Nowadays, most of cars have new RKS number plates. They look like EU number plates, with 'RKS' on the blue strip on the left side. They are followed by a single number which can tell you about city which the car is from. '1' stands for Prishtina. The later numbers and letters are irrelevant.
Hitch-hiking in Kosovo is very easy as people are very eager to take foreigners. Your appearance and look will most likely play in your success, western people will certainly be more successful on waiting along the road and many people with Kosovo will be glad to meet and help you if possible. People from the US are generally extremely appreciated and should bring more help than for some other nation as locals appreciate the effort given by the US government but also wish to avoid any trouble that might come by causing harm to such foreign citizen. Sometimes the drivers would even stop without you signaling that you need a drive and offer you help. They often want to share with you their personal histories and to tell you about history of Kosovo.
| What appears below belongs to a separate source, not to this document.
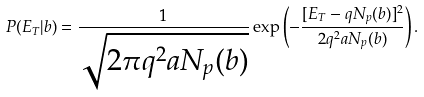Convert formula to latex. <formula><loc_0><loc_0><loc_500><loc_500>P ( E _ { T } | b ) = \frac { 1 } { \sqrt { 2 \pi q ^ { 2 } a N _ { p } ( b ) } } \exp \left ( - \frac { [ E _ { T } - q N _ { p } ( b ) ] ^ { 2 } } { 2 q ^ { 2 } a N _ { p } ( b ) } \right ) .</formula>

Make sure to keep an eye on the road you are going, if the driver make a sudden turn around, changes his natural path or take another direction, it is likely that he thinks he is doing good by bringing you to the local bus or train station. You therefore will have to be reiterative on stating that you do 'autostop' all the way. (This part is most probably redundant at least as of late-2011.)
In Kosovo, and in Serbia near the border, you may be propositioned by jitney cab drivers - regardless of how typical-hitchhiker you think you look. Some will tell you before you get in, others will wait until you're already in, all will, recognizing you as a foreigner, probably ask for amounts of 10-25 euros which is exponentially above what any local would pay.
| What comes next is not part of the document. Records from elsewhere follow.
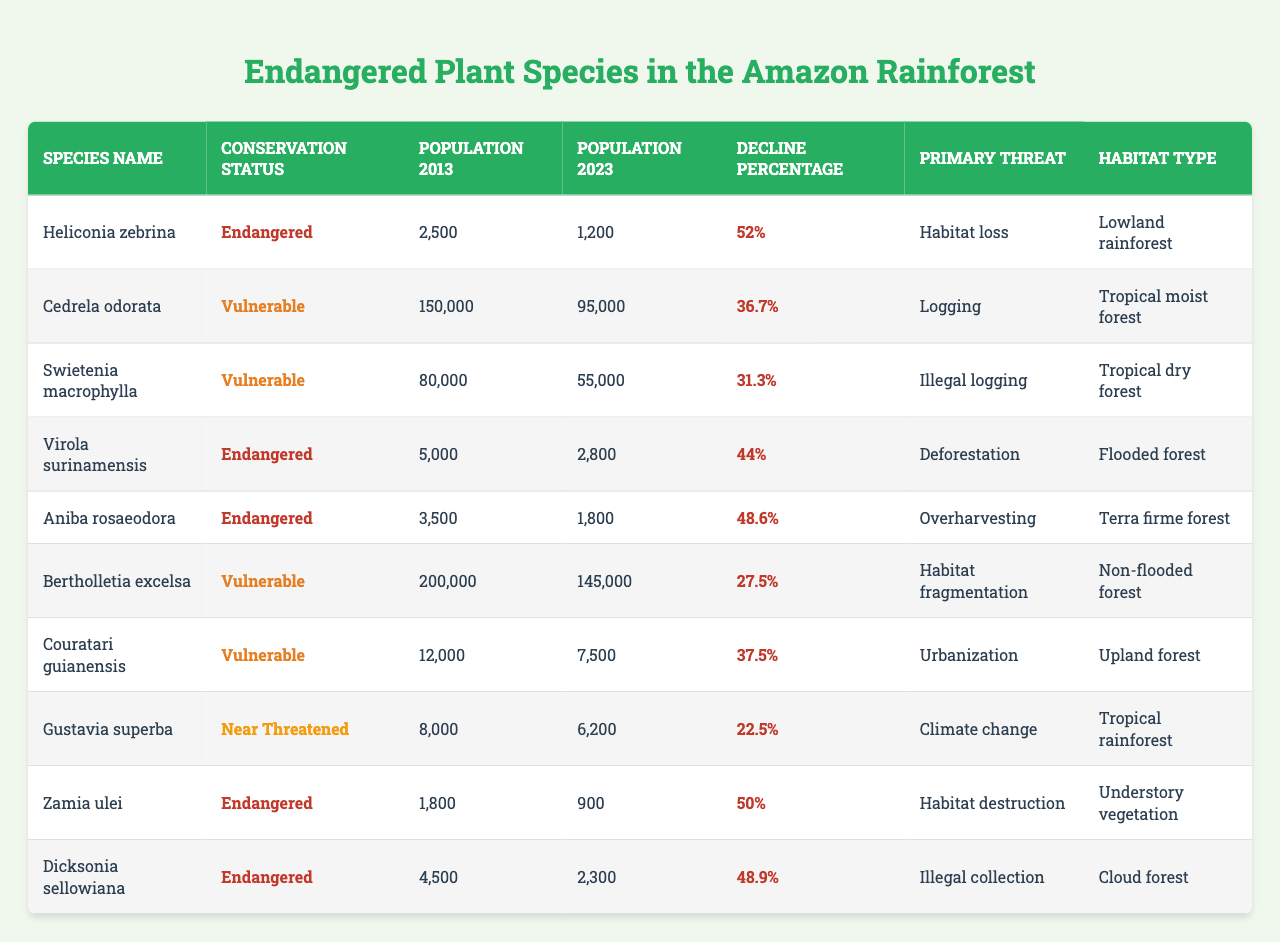What is the population of Heliconia zebrina in 2023? The table shows that the population of Heliconia zebrina in 2023 is listed in the corresponding column as 1200.
Answer: 1200 Which plant species has the highest population decline percentage? By examining the decline percentage column, Heliconia zebrina has the highest decline at 52%.
Answer: 52% What is the conservation status of Aniba rosaeodora? The table indicates that Aniba rosaeodora is categorized under the conservation status as "Endangered".
Answer: Endangered How many species have a population of less than 2000 in 2023? From the table, we identify species with populations of 1800 (Aniba rosaeodora) and 900 (Zamia ulei), totaling 2 species.
Answer: 2 What is the primary threat for Virola surinamensis? The table directly states that the primary threat for Virola surinamensis is "Deforestation".
Answer: Deforestation Calculate the average population decline percentage for all the endangered species listed. The decline percentages for the endangered species are 52, 44, 48.6, 50, and 48.9. The sum is 243.5 and there are 5 species, so 243.5/5 = 48.7.
Answer: 48.7 Is Cedrela odorata's population in 2023 more than that of Swietenia macrophylla? The population of Cedrela odorata in 2023 is 95000, whereas Swietenia macrophylla's is 55000; therefore, Cedrela odorata's population is greater.
Answer: Yes Which habitat type is associated with the species exhibiting the least population in 2023? The species with the least population is Zamia ulei, which belongs to the "Understory vegetation" habitat type.
Answer: Understory vegetation What is the difference in population between Bertholletia excelsa in 2013 and 2023? The population of Bertholletia excelsa in 2013 is 200000, and in 2023 it is 145000. The difference is 200000 - 145000 = 55000.
Answer: 55000 Are there more "Vulnerable" or "Endangered" species listed in the table? The table lists 3 "Endangered" species (Heliconia zebrina, Virola surinamensis, Aniba rosaeodora, Dicksonia sellowiana) and 4 "Vulnerable" species (Cedrela odorata, Swietenia macrophylla, Bertholletia excelsa, Couratari guianensis); there are more "Vulnerable" species.
Answer: Vulnerable

As of August 2011, several sources in the Prizren and Peja regions told Zenit that the border between Kosovo and Serbia is closed due to protests (street blockades, occasionally riots) by the Serbian minority. He didn't go to enquire as the "illegal entry" issues (see below) would have rendered entry into Serbia via this border unlikely for him, anyway.
At checkpoints your passport will be examined by Serbian officers and again, after a few metres, by Kosovar officials, just like any international border crossing.
Crossing from Kosovo back into Serbia is generally a longer process. Most importantly, if you enter Kosovo directly (i.e. from Albania, Macedonia, Montenegro, or by flying) without first entering Serbia you are quite likely to be denied entry to Serbia for having "illegally entered Serbia" (officially Serbia still considers Kosovo to be Serbian territory). The border guards will know because you do not have a Serbian visa stamp in your passport. In this case, the Serbian officers will insist you enter through Montenegro or Macedonia instead.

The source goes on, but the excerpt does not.